Stella memicingkan mata pada Evelyn membuat Evelyn mengigit bibir dengan kepala agak tertunduk, merona.
“Aku akan memberikannya sesuatu yang tidak akan pernah dilupakannya Mom.”
Evelyn kemudian menggandeng lengan Stella, berbisik pelan, “Dan Mom tidak perlu tahu.”
Stella tertawa. “Kau akan memberikanya sebuah ciuman panas?”
“Mom!” pukul Evelyn pada lengan sang Ibu. Merengut namun rona panas di wajah sudah menjelaskan demikian bahwa itulah hadiahnya.
“Jangan lupa, Mommy melihatmu sedang mempelajari sebuah cara berciuman lewat ponselmu,” usil Stella menggoda putrinya, membuat pipi Evelyn tambah memanas.
Ia menatap Stella,”M-mom memergokiku?”
Stella tertawa lagi. Ia merengkuh putrinya dari samping, membenamkan kepala putrinya itu di dadanya. “Tentu saja.”
Evelyn mendongak ketika jemari Ibunya mengelus pipinya. “Aro pasti akan menyukai hadiahmu sayang.”
Senyum lebar tersungging di bibir Evelyn.
“Ini adalah pertama kali aku melakukannya dengannya Mom.”
Lagi, Evelyn mendekap sang Ibu erat dan bibirnya masih memamerkan senyum,
“Aro berkali-kali hampir menciumku, tapi aku selalu menghindarinya karena aku ingin menyiapkan hadiah ini di hari ulang tahunnya yang ke 26 tahun.”
***
Raymond menyalakan mesin mobilnya.
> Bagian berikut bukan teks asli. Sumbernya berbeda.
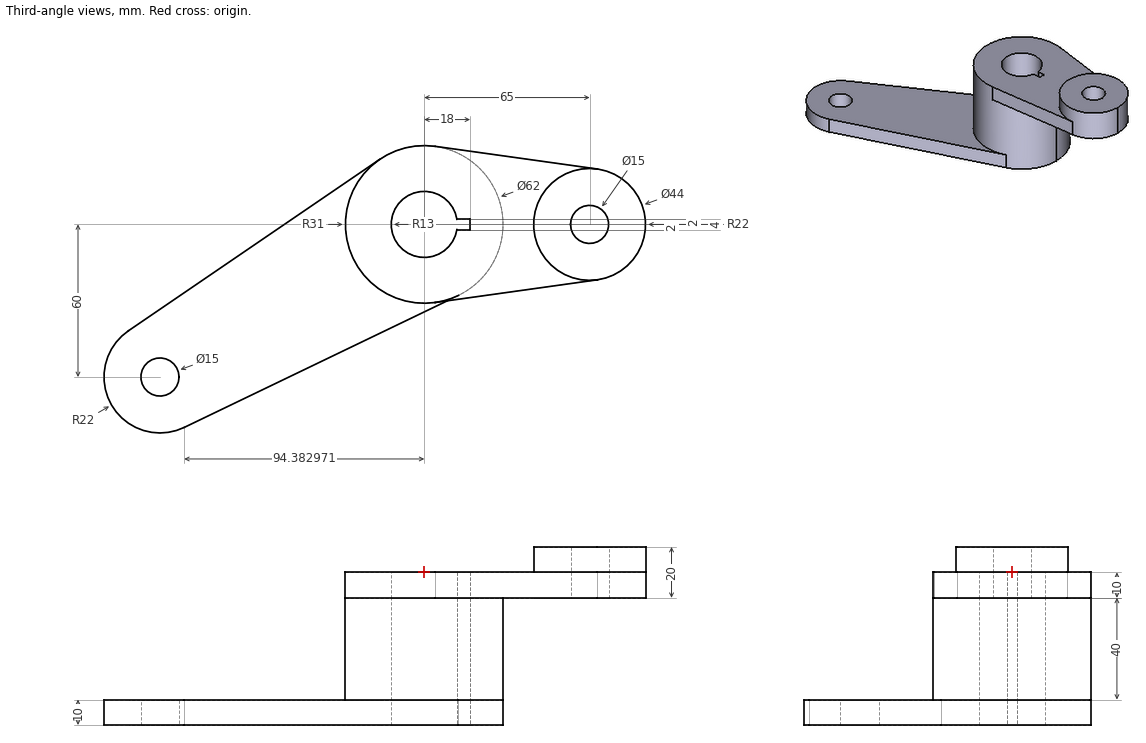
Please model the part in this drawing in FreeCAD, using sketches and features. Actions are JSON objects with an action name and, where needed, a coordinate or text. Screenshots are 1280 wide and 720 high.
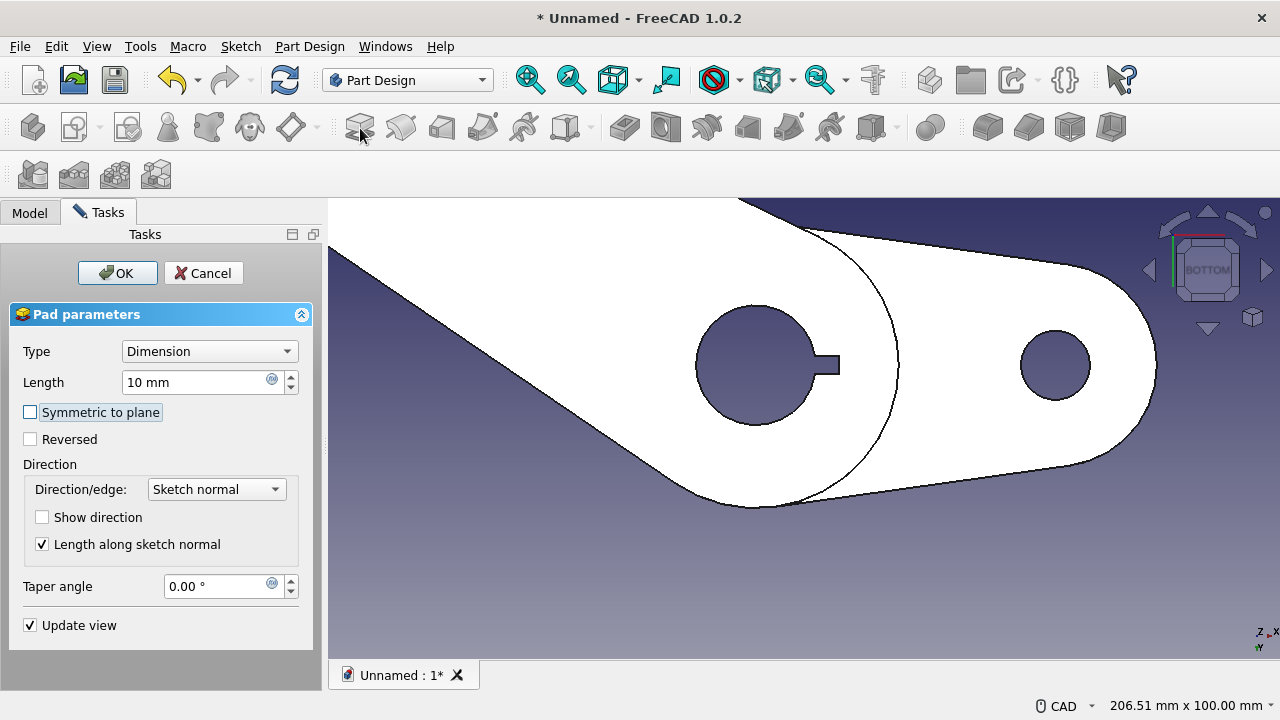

Stella duduk di sebelahnya dan Evelyn duduk di kursi belakang. Setelah itu mobil mulai berjalan. Tampak salju berjatuhan dan Evelyn mendongak menatap langit malam dari kaca mobil. Tidak ada benda-benda indah di atas sana.
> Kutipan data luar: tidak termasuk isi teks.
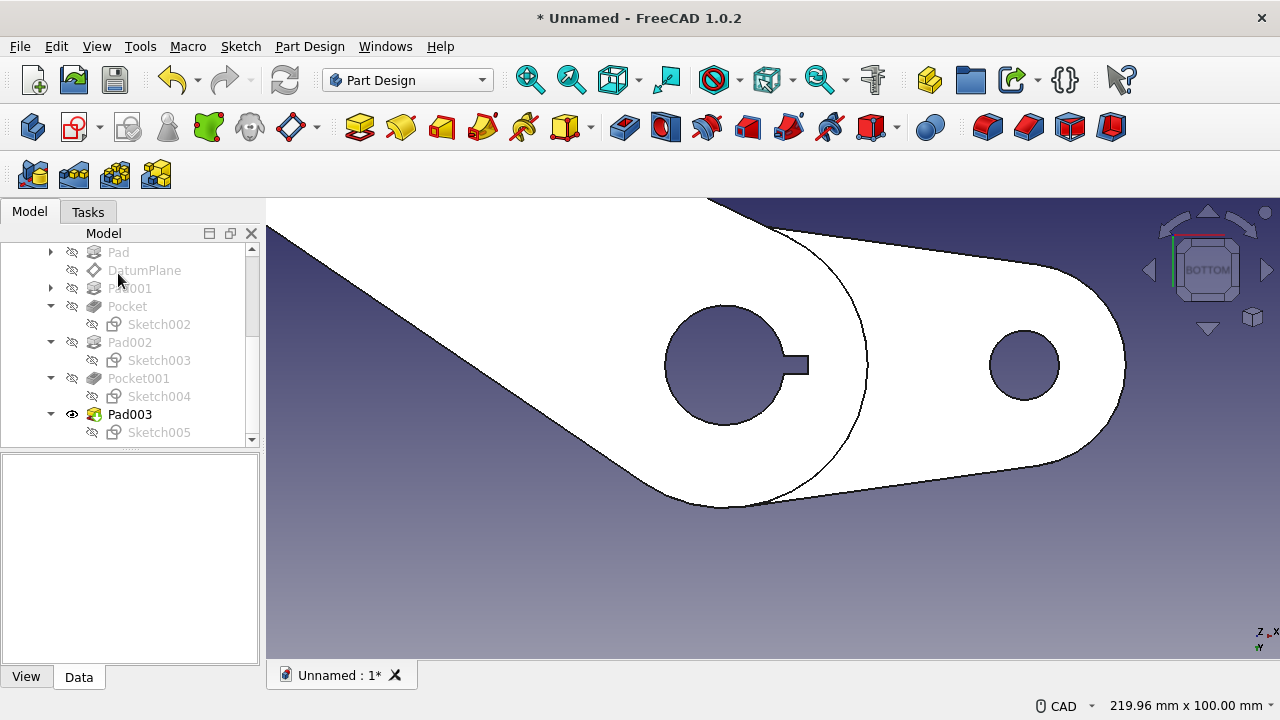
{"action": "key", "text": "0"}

Lalu tak berapa lama kemudian suara panik Stella terdengar, “Ada apa sayang?!”
“Remnya tidak berfungsi Stella!”
Pembicaraan itu dan laju mobil membuat Evelyn turut merasakan kepanikan. Ia maju ke depan dan bertanya cemas, “Mom, Dad, apa yang terjadi?!”
“Sial!” umpat Raymond di sela-sela kegusarannya.
Kakinya berkali-kali menekan rem tapi tidak juga berhasil. Terlebih bola matanya membesar kemudian ketika melihat sebuah mobil hitam hendak melintas ke arah mereka.
“Raymond awas!” teriak Stella heboh beradu rasa takut. Disusul jeritan Evelyn, “Daddy!”
Lalu semua terjadi begitu saja. Hanya seperskian detik suara benturan cukup keras terdengar. Mobil Raymond sudah terbalik. Kacanya pecah. Begitu pula dengan mobil hitam. Asap mengepul di sekitar.
Darah merembes dari kepala Raymond yang tidak lagi sadar. Sedangkan Stella matanya terbelalak. Kaca mengenai sebagian wajahnya. Evelyn yang terluka berusaha keluar.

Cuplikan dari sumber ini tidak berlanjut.